Following Karnataka, two more states, Tamil Nadu and Madhya Pradesh, are also seeking power from Andhra Pradesh out of its surplus. The state passed a milestone in the power sector by selling 15 million units of power to Karnataka from May 1. Andhra Pradesh, a deficit state in power till now, produces surplus power thanks to the power reforms.
Andhra Pradesh generates 9,212 mw of power, which includes 2,953 mw thermal, 3,123 mw hydel, 1,500 mw from the Central share and 1,360 mw by private power projects. The balance comes from small and mini plants and non-conventional sources.

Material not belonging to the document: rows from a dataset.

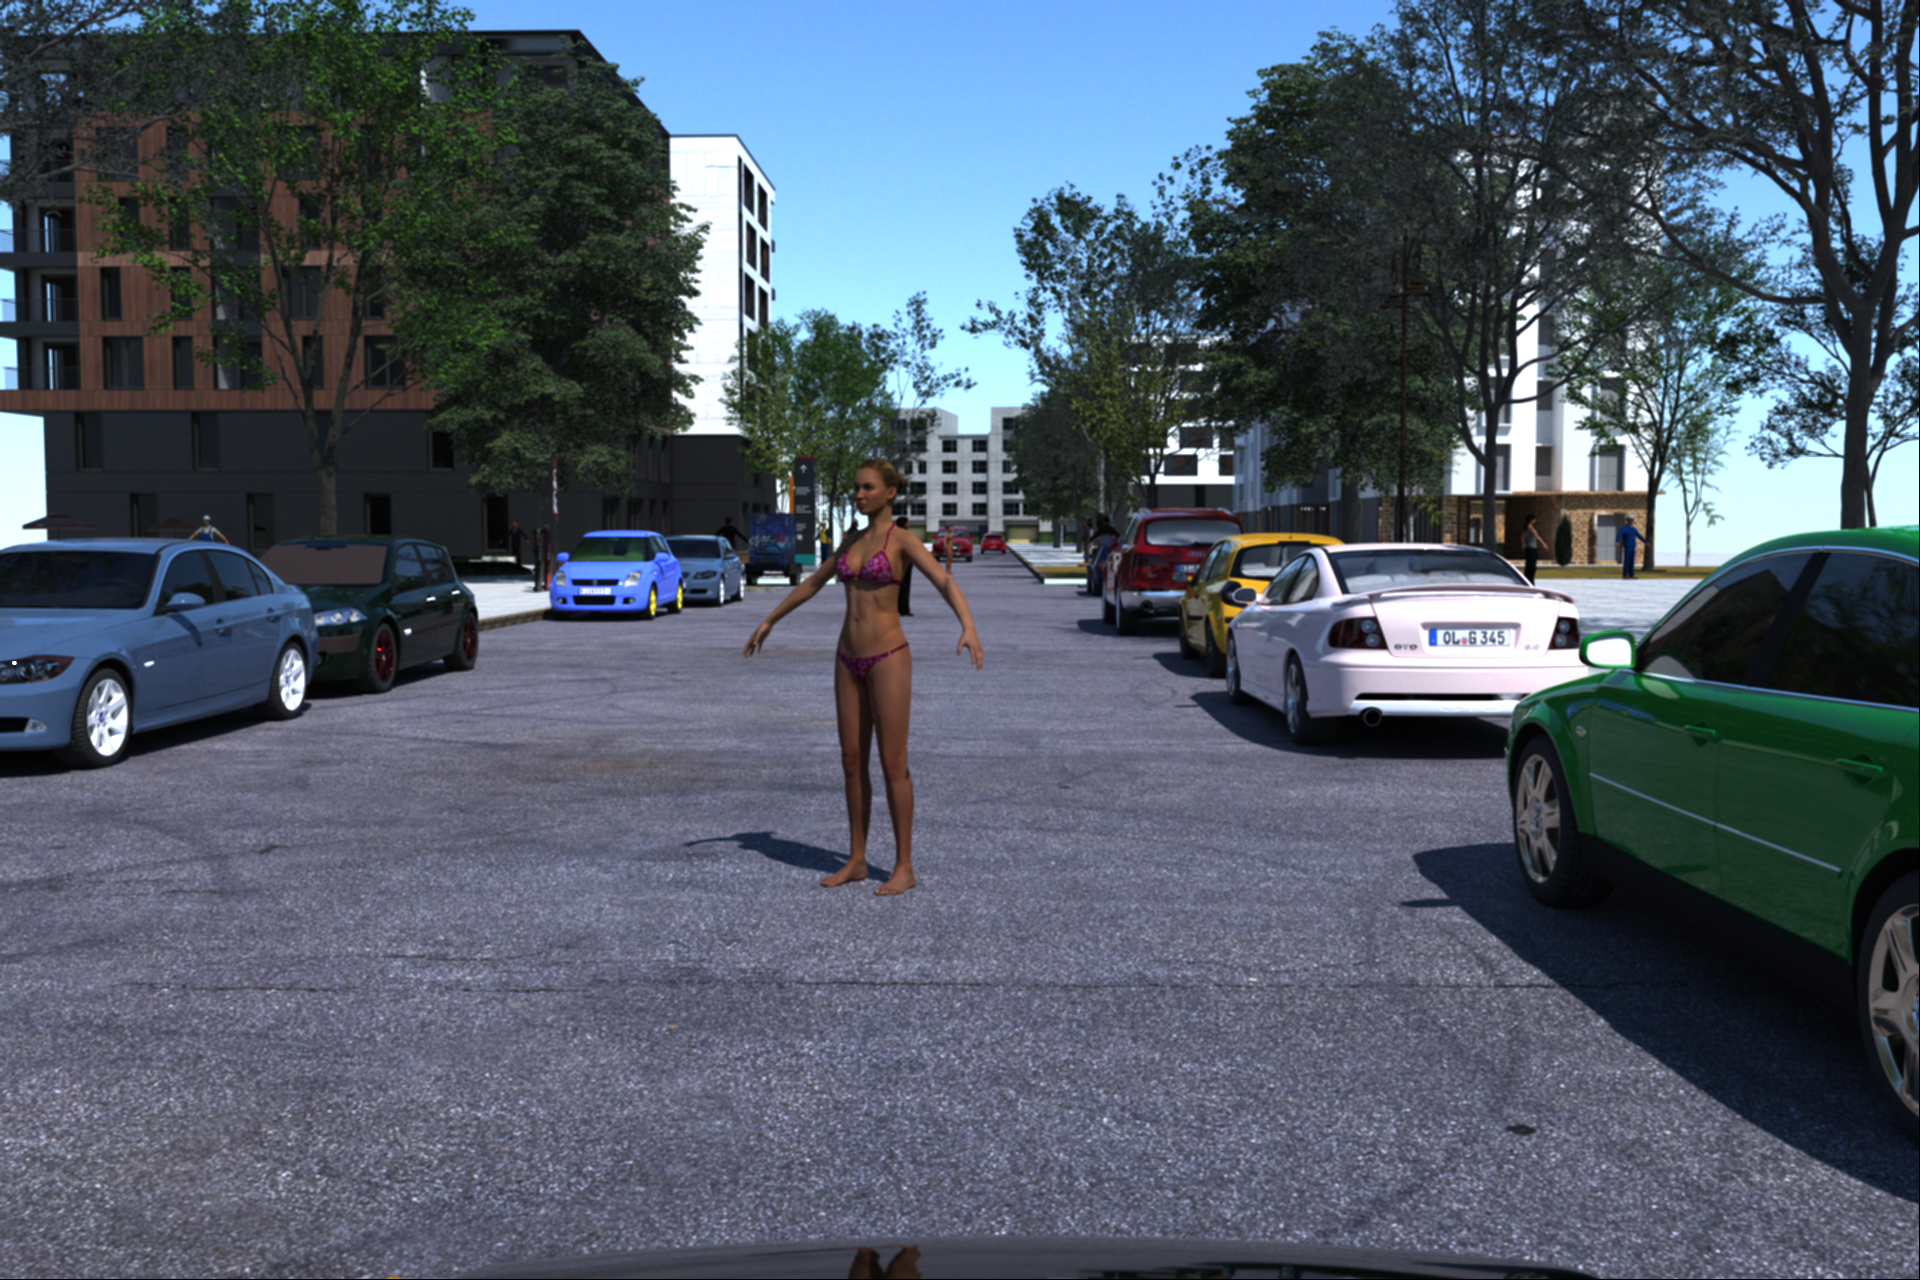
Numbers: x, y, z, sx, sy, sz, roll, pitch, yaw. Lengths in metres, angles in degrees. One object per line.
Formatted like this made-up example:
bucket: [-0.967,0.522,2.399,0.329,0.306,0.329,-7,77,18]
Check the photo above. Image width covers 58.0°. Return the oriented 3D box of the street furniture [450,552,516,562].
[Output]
street furniture: [-19.498,-2.838,62.023,5.734,0.657,10.072,-2,4,-31]

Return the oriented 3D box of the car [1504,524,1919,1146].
car: [3.097,0.214,5.295,1.959,1.807,4.718,0,3,0]

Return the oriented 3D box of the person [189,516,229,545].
person: [-23.027,-2.882,52.982,1.347,1.847,0.705,0,4,-7]

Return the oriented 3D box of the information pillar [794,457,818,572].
information pillar: [-5.204,-4.212,58.248,0.750,3.857,0.750,0,4,2]

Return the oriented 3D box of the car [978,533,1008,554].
car: [2.389,-7.075,124.714,2.155,1.783,4.494,0,4,1]

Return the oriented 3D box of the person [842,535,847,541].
person: [-5.449,-5.057,88.449,1.354,1.858,0.705,-2,4,-28]

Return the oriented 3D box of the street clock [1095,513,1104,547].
street clock: [4.764,-3.325,58.938,0.358,2.002,0.471,0,4,2]

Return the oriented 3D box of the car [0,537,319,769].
car: [-6.045,-0.008,12.131,2.014,1.417,4.499,0,4,2]

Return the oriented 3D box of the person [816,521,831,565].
person: [-5.602,-3.978,71.008,0.705,1.833,1.349,-2,4,-35]

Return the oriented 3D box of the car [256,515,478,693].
car: [-6.003,-0.429,16.809,2.009,1.686,4.222,0,4,1]

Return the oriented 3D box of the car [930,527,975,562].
car: [-0.375,-4.960,89.765,2.281,1.827,5.304,0,4,1]

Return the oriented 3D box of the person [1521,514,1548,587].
person: [13.223,-2.024,39.903,0.721,1.737,1.217,0,4,-7]

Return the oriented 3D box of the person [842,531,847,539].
person: [-5.517,-4.605,84.556,0.599,1.433,0.991,0,4,-7]

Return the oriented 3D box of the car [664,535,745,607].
car: [-5.516,-1.443,35.602,2.014,1.417,4.499,0,4,1]

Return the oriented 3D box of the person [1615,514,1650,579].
person: [18.985,-2.641,49.055,1.347,1.842,0.705,-2,4,-28]

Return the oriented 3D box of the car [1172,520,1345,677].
car: [3.358,-0.519,18.715,2.015,1.641,3.980,0,4,1]

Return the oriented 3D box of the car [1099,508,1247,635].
car: [3.271,-1.068,26.140,2.281,1.827,5.304,0,4,1]

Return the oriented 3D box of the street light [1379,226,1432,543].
street light: [6.745,-3.278,26.376,0.468,5.910,1.993,0,4,1]

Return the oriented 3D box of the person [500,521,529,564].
person: [-17.609,-3.816,68.619,1.346,1.802,0.704,1,4,20]

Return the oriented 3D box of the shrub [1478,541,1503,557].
shrub: [17.009,-2.734,55.810,1.383,1.207,1.383,0,3,0]

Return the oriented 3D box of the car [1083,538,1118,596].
car: [3.928,-1.745,41.116,1.945,1.354,3.894,0,4,1]

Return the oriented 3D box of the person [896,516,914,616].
person: [-0.919,-1.298,30.397,0.721,1.740,1.216,-2,4,-26]

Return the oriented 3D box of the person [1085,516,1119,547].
person: [4.370,-2.804,51.986,1.346,1.812,0.704,-2,4,-27]

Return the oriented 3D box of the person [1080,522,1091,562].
person: [5.508,-4.247,75.709,0.705,1.796,1.348,-1,4,-11]

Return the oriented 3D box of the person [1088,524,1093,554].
person: [6.650,-5.073,89.135,0.705,1.806,1.347,1,4,17]

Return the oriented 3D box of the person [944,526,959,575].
person: [-0.310,-3.194,61.475,0.721,1.733,1.217,1,4,22]

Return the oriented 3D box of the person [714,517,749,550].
person: [-6.951,-2.813,52.172,1.347,1.806,0.705,1,4,10]

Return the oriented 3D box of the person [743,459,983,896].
person: [-0.391,0.141,6.960,1.217,1.733,0.721,3,4,37]

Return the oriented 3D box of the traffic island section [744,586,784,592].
traffic island section: [-5.523,-1.289,43.945,1.991,0.108,1.994,0,4,2]

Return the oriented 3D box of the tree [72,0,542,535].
tree: [-11.308,-6.410,30.566,9.928,11.665,9.643,0,3,0]

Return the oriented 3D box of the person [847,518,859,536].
person: [-3.758,-3.442,62.062,0.705,1.856,1.354,1,4,23]

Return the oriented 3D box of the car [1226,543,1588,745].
car: [3.191,-0.047,13.126,2.083,1.381,4.827,0,4,0]

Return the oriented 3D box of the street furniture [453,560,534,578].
street furniture: [-16.749,-2.116,50.226,5.734,0.657,10.072,1,4,22]

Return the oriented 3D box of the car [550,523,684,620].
car: [-5.901,-1.244,29.933,1.945,1.707,3.694,0,4,1]

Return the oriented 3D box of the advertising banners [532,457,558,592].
advertising banners: [-9.303,-2.617,38.976,0.090,3.025,2.074,0,4,2]

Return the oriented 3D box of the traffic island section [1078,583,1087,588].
traffic island section: [4.182,-1.449,46.552,1.991,0.108,1.994,0,4,0]

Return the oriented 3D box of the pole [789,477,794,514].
pole: [-6.031,-4.169,62.014,0.158,3.312,0.155,0,3,0]

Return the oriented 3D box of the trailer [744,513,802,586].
trailer: [-5.204,-2.472,47.471,1.471,1.999,3.904,0,4,1]

As against this, the average consumption is just over 6,000 mw. In spite of the huge distribution losses and theft, the state is already marginally surplus in power. The second unit of the Simhadri power plant will add 500 mw by July-August this year. Units IV, V and VI of the Srisailam power plant will be commissioned in phases by March 2003, adding another 450 mw. Besides, projects worth Rs 6,000 crore are underway in both the public and private sectors.
P.M.K. Gandhi, Director, APTransco
According to P.M.K. Gandhi, Director, Transmission Corporation of Andhra Pradesh Ltd (APTransco), the state sells to Karnataka power at Rs 2.50 per unit, which is a very low price. APTransco's per unit cost is Rs 1.81 and with 8.5 per cent being allowed as transmission loss, the cost would work out to Rs 2 per unit, leaving a profit margin of 50 paise per unit. In May, APTransco sold 15 million units to Karnataka, though that state initially wanted 100 mw. The supply was stopped, perhaps due to improved availability of power in that state.
Tamil Nadu has now approached APTransco for 100 mw, but it will be given only half of its requirements in view of the acute summer conditions prevailing in Andhra Pradesh and also the breakdown of the first unit (500mw) of the Simhadri power plant. The plant was not working to its full capacity since its commissioning in the last week of February. AP Transco is contemplating to give Tamil Nadu the total requirement of 100 mw as and when the Simhadri unit stabilises its output. The supply to Tamil Nadu initially would be made for three months and later it would be extended to the whole year.